# oday 37



## idixon10 (Mar 24, 2013)

good morning to all existing members from one very recent to this site. Last year i purchased unseen an oday 37. i have subsequentely been driven to insolveny and despair on this project and would wish to ask members that have or are going through the experience where i might acquire used parts particularly cushions and portlights. Sorry to have introduced this tone as a first time visitor but am at a point of despair and would most welcome any help or guidance.Thankyou ian


----------



## Ajax_MD (Nov 24, 2009)

If you're on the Chesapeake Bay somewhere, Bacon Sails in Annapolis has tons of used stuff.


----------



## deniseO30 (Nov 27, 2006)

Welcome to Sailnet Idixon. Oday portlights are no longer made but beckson and others will fit. cushions are not a big issue if you find a foam supplier.

Can't help but ask why you boat a boat unseen and where you and the boat are?


----------



## eherlihy (Jan 2, 2007)

The O'day 37 is a GREAT boat!
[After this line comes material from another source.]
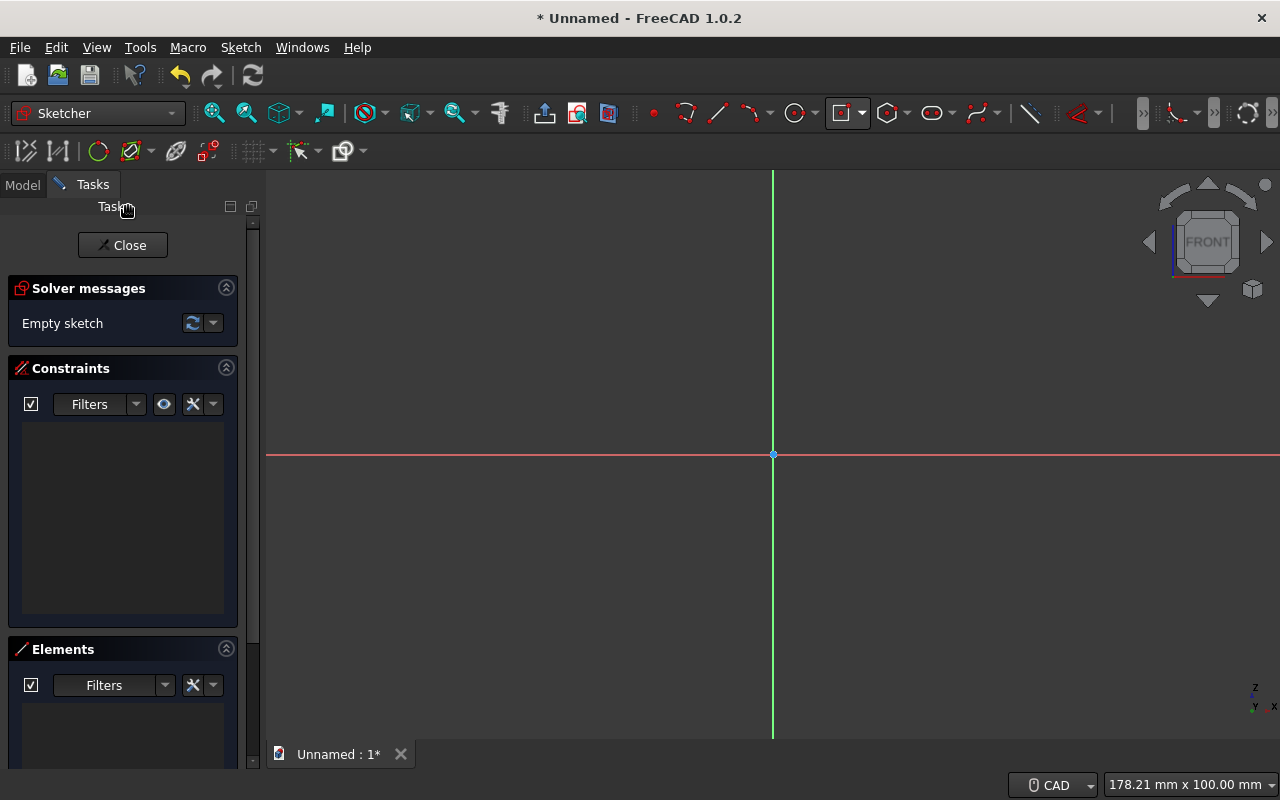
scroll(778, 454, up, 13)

Good Old Boat had a review of them in their January 2013 issue.

Lots of parts available through D & R Marine. Cushions and ports are minor fixes. Frankly, the original ports (still available through Beckson) are crap. If you are going to do it, get the New Found Metals ports (for about double the price - but worth it).

Welcome to Sailnet!


----------



## eherlihy (Jan 2, 2007)

... where are you in the US?


----------



## eherlihy (Jan 2, 2007)

Quoting the title of the article in January/February 2013 GOB


> The O'day 34; a low-profile high-value center-cockpit cruiser


NADA has this boat valued between $25 and $29K for a 1984 model. IMHO this would be the price for one that is in terrible condition. Paraphrasing GOB; value should be between $30K and $45K for one "in decent shape."


----------